Trisomy 21 (Down Syndrome):

Caused by an extra copy of chromosome 21, Down syndrome leads to varying levels of intellectual disability and may involve medical issues such as heart defects. Early therapy and medical support enable many individuals to live active, fulfilling lives, often into their 60s. It affects about 1 in 700 live births, and miscarriage occurs in roughly 30% of such pregnancies.

Monosomy X (Turner Syndrome):

Mostly affects females who have only one X chromosome instead of two. Many pregnancies end in miscarriage, but those carried to term may have heart defects, learning challenges, or infertility. Ongoing medical support and hormone therapy are often required.

Trisomy 18 (Edwards Syndrome):

This condition results from an extra chromosome 18 and causes severe developmental and organ abnormalities, particularly of the heart, brain, and kidneys. Physical features may include cleft lip, small jaw, and clenched hands. Most pregnancies end in miscarriage, and few babies survive beyond the first year. It occurs in about 1 in 3,000 live births.

Klinefelter Syndrome:

Found in males with an extra X chromosome (XXY). It may cause learning or behavioral difficulties and infertility in adulthood. Around 1 in 1,000 male births are affected.

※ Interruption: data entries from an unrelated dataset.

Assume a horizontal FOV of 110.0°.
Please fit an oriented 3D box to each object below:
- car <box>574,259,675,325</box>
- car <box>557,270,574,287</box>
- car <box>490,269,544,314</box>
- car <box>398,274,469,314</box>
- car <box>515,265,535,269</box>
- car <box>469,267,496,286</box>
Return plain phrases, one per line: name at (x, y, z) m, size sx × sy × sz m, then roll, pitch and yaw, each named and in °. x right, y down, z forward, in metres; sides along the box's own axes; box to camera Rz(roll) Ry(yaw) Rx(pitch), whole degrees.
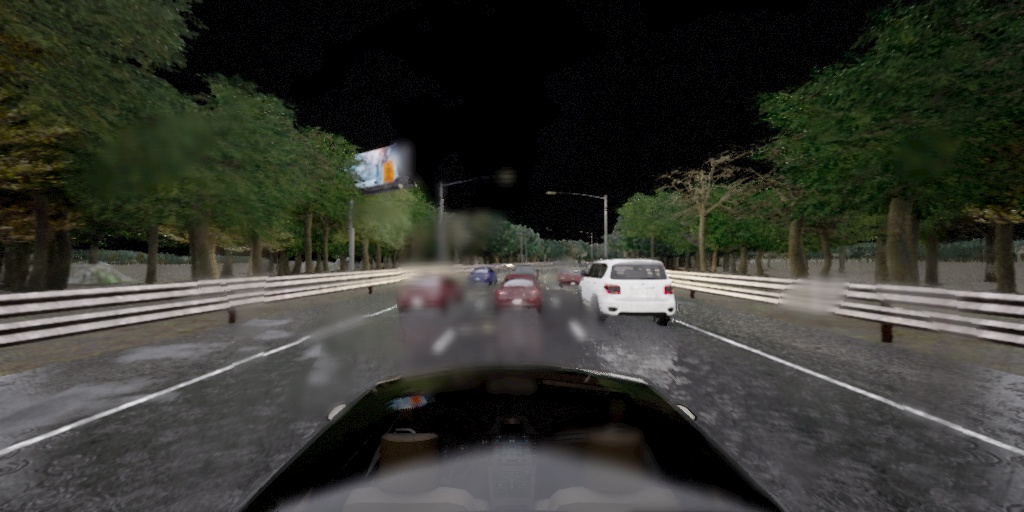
car at (3.745, 1.124, 12.628) m, size 2.150 × 2.045 × 5.566 m, roll 0°, pitch -1°, yaw 3°
car at (4.544, 1.712, 27.876) m, size 1.895 × 1.301 × 4.718 m, roll 0°, pitch -1°, yaw 5°
car at (0.337, 1.450, 14.598) m, size 1.812 × 1.442 × 4.674 m, roll 0°, pitch -1°, yaw 3°
car at (-3.161, 1.449, 14.694) m, size 1.812 × 1.442 × 4.674 m, roll 0°, pitch -1°, yaw 3°
car at (1.099, 1.470, 28.622) m, size 2.097 × 1.767 × 4.553 m, roll 0°, pitch -1°, yaw 5°
car at (-2.329, 1.655, 29.644) m, size 1.812 × 1.442 × 4.674 m, roll 0°, pitch -1°, yaw 5°
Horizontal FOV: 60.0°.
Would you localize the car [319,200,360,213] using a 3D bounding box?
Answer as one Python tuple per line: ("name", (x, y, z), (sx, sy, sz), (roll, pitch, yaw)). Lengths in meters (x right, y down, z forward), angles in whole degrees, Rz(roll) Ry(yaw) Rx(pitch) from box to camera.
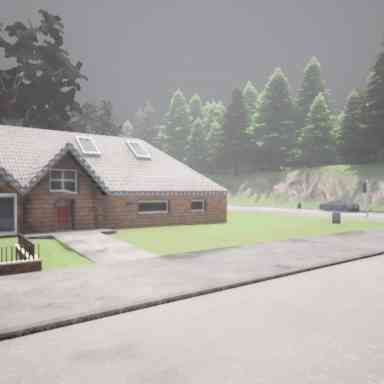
("car", (16.418, 1.556, 37.219), (1.994, 1.385, 4.181), (0, 0, -35))
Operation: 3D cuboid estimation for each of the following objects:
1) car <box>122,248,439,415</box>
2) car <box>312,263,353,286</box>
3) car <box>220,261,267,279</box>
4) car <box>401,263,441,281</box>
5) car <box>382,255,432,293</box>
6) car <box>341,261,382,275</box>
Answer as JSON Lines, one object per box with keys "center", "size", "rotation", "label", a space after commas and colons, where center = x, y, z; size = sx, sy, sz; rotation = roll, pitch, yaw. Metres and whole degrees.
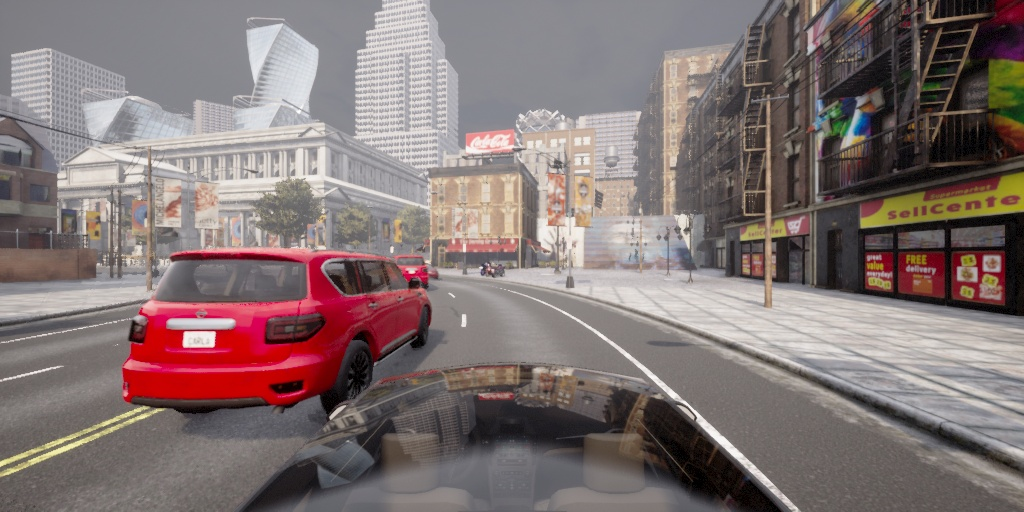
{"center": [-2.991, 0.962, 6.150], "size": [2.150, 2.045, 5.566], "rotation": [0, -1, 1], "label": "car"}
{"center": [-13.096, 1.254, 26.019], "size": [1.837, 1.490, 4.892], "rotation": [1, 0, -36], "label": "car"}
{"center": [-24.802, 1.242, 33.086], "size": [4.902, 1.511, 2.128], "rotation": [0, 0, 37], "label": "car"}
{"center": [-7.920, 1.314, 30.875], "size": [1.994, 1.385, 4.181], "rotation": [0, 0, -35], "label": "car"}
{"center": [-6.700, 0.972, 22.363], "size": [2.150, 2.045, 5.566], "rotation": [0, 0, -25], "label": "car"}
{"center": [-17.081, 1.297, 40.505], "size": [5.357, 1.411, 2.033], "rotation": [0, 0, 39], "label": "car"}

Trisomy 13 (Patau Syndrome):

An extra chromosome 13 leads to serious intellectual and physical disabilities affecting the heart, brain, and kidneys. Common visible signs include extra fingers or toes and facial clefts. Most affected pregnancies result in miscarriage, and survival beyond infancy is rare. It affects around 1 in 5,000 live births

Triple X Syndrome:

Seen in females with an extra X chromosome (XXX). They may be taller than average and could experience mild learning or behavioral issues. It occurs in about 1 in 800 female births.